Mumsnet has not checked the qualifications of anyone posting here. If you need help urgently or expert advice, please see our domestic violence webguide and/or relationships webguide. Many Mumsnetters experiencing domestic abuse have found this thread helpful: Listen up, everybody

How to help sister with depression and moving on from toxic relationship

2 replies

AutumnMeadow25 · 10/10/2023 15:30

Hi,

I'm 25 and my sister is two years older. She lives at home with my mum after moving back from Australia 6 months ago - she had moved over there for almost a year as her partner wanted to play a sport professionally.

I live with my partner but have been coming over a lot to keep her company. My sister's boyfriend broke up with her a couple of months ago and she's struggling to move on and is depressed - she is taking antidepressants for this.

She didn't seem happy in Australia and was constantly saying she wanted to move home. She eventually decided to come back to UK but her boyfriend stayed in Aus - saying he would be coming back. He eventually told her he had no plans to return to UK and ended things.

I try to help her/offer to go out and do things to cheer her up but it seems like there's nothing I can do or say to make her feel better. I also often feel bad for spending time at my flat/with my boyfriend as she gets upset when she's alone.

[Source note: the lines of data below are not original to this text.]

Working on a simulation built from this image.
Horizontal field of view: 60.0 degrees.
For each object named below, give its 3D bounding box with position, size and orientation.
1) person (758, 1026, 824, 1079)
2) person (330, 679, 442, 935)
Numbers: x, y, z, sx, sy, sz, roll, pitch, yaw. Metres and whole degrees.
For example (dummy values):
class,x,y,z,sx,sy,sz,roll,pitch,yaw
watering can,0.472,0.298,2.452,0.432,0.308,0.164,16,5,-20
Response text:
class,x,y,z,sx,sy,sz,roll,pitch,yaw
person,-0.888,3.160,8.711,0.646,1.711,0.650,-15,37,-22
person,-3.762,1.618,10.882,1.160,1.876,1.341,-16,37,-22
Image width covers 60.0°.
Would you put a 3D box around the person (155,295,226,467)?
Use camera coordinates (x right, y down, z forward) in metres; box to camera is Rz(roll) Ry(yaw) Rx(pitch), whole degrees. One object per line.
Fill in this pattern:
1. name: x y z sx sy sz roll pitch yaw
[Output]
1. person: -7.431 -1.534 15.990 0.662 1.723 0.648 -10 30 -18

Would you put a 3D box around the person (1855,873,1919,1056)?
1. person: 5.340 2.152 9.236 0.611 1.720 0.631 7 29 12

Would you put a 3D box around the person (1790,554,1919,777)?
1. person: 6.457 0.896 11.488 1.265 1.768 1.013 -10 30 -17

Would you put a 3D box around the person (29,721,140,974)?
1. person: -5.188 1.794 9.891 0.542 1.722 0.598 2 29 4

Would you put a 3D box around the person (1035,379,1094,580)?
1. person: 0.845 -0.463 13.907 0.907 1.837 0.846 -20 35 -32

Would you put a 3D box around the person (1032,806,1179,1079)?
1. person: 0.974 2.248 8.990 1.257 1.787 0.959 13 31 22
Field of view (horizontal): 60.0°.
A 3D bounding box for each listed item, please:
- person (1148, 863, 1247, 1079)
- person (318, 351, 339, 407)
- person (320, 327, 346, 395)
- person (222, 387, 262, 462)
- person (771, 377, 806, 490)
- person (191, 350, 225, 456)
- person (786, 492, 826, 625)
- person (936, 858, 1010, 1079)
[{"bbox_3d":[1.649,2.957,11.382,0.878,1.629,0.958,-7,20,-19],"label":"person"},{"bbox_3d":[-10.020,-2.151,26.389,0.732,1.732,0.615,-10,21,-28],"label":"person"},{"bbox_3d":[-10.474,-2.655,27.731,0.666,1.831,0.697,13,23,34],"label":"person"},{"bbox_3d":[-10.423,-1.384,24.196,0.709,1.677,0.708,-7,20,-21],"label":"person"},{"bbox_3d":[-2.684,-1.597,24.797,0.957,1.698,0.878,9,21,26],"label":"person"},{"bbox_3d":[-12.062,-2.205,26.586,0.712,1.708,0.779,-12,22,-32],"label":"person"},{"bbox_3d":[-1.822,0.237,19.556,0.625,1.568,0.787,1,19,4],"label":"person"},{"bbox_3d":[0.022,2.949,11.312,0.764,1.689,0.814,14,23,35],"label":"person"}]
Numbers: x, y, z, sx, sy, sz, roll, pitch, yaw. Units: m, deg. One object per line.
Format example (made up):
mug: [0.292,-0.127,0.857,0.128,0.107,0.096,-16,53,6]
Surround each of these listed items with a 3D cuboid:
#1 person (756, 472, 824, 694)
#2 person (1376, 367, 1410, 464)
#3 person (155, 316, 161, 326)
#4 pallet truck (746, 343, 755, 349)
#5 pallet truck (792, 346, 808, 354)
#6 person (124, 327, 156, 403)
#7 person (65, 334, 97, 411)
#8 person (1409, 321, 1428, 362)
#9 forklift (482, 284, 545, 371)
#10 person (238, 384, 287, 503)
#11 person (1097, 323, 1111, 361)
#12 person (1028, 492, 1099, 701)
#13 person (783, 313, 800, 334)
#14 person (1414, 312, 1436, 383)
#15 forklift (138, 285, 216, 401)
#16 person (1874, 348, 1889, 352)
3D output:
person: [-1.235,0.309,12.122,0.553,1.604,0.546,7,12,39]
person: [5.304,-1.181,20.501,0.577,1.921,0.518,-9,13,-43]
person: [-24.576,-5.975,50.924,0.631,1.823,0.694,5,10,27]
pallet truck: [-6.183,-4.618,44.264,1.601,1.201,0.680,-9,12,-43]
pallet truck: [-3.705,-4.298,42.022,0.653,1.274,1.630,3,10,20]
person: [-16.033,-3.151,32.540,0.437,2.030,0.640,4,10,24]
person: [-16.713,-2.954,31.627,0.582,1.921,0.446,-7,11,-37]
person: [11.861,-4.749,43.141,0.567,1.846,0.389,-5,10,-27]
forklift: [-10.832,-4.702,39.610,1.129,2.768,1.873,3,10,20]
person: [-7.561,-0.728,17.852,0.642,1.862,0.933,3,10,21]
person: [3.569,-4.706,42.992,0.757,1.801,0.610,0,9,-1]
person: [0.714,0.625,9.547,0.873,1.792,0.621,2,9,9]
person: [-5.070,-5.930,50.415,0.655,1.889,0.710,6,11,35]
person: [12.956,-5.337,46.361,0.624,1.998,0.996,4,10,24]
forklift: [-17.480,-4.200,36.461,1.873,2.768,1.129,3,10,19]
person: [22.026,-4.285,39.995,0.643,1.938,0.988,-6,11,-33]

Does anyone know how I can help here and also stop feeling this guilt for wanting to have my own life? Thank you!

OP posts:
Pinkbonbon · 10/10/2023 16:02

Some things we just have to grieve and get over by ourselves, in our own time.

Rather than going over, maybe invite her out for lunch instead. Tell her you'll see her, but not wallowing in the house, it's time to get out and about.

Maybe start going for walks ect...
Make a condition of your time that you two get out of the house. Take a spin class or go bowling or whatever.

Also, your boundaries are important too. You cannot pour from an empty cup. You have your own life and needs. It's OK to say no sometimes. When you do, maybe suggest an alternative day and time/activity. It's not selfish to look after yourself and your own needs. She also, needs to learn to do the same for herself.

Isheabastard · 10/10/2023 16:18

Sometimes people appreciate it when you just touch base with them. Maybe a text to say you are thinking of them, a card, small gift. Personally for me I’d think little and often would work best. Both as a receiver and giver.

Perhaps see if you can find a book for advice. Depression can affect people in different ways and it will also depend on her basic personality.